● **DATA**
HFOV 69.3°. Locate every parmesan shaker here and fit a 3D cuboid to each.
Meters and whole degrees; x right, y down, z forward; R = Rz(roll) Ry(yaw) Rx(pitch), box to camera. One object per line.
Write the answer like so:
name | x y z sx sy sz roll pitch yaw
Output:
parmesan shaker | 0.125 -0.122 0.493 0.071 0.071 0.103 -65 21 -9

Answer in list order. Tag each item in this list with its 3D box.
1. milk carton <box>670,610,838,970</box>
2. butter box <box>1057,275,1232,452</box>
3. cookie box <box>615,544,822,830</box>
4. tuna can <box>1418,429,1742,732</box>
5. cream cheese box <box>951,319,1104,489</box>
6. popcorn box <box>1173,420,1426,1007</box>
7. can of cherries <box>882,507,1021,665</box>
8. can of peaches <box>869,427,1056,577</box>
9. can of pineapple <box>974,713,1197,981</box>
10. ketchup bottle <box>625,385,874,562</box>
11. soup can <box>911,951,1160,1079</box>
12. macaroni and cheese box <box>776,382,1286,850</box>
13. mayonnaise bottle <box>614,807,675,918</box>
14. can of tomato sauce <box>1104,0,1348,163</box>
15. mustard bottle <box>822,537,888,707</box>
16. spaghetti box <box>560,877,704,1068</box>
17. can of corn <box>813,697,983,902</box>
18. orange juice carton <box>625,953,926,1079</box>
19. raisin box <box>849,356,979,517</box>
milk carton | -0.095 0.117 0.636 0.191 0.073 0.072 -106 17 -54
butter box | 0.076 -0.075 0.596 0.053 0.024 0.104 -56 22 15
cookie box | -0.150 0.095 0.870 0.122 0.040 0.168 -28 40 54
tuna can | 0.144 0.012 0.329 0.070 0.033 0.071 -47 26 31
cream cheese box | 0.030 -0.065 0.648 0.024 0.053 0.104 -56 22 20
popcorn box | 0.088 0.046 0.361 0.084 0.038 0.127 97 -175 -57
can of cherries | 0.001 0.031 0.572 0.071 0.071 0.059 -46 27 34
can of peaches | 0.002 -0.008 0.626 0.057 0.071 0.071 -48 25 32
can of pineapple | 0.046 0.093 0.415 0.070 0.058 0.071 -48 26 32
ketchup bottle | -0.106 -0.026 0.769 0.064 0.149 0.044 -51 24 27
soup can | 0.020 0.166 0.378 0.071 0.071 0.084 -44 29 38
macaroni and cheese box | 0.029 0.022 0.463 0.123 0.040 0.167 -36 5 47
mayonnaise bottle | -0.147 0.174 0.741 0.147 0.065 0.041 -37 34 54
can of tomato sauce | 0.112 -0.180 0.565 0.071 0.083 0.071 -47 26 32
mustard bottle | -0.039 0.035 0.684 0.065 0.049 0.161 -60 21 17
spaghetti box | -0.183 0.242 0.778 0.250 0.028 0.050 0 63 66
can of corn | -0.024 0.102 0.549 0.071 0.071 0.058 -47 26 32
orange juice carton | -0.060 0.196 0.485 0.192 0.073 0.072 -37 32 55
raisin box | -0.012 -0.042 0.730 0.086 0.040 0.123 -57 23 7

● **EXERCISE INSTRUCTIONS**
Repeat each line of the data above, exactly as it appears, from the first through the line that contains "7. can of cherries".

● **RESULT OF THIS TASK**
HFOV 69.3°. Locate every parmesan shaker here and fit a 3D cuboid to each.
Meters and whole degrees; x right, y down, z forward; R = Rz(roll) Ry(yaw) Rx(pitch), box to camera. One object per line.
Write the answer like so:
name | x y z sx sy sz roll pitch yaw
Output:
parmesan shaker | 0.125 -0.122 0.493 0.071 0.071 0.103 -65 21 -9

Answer in list order. Tag each item in this list with its 3D box.
1. milk carton <box>670,610,838,970</box>
2. butter box <box>1057,275,1232,452</box>
3. cookie box <box>615,544,822,830</box>
4. tuna can <box>1418,429,1742,732</box>
5. cream cheese box <box>951,319,1104,489</box>
6. popcorn box <box>1173,420,1426,1007</box>
7. can of cherries <box>882,507,1021,665</box>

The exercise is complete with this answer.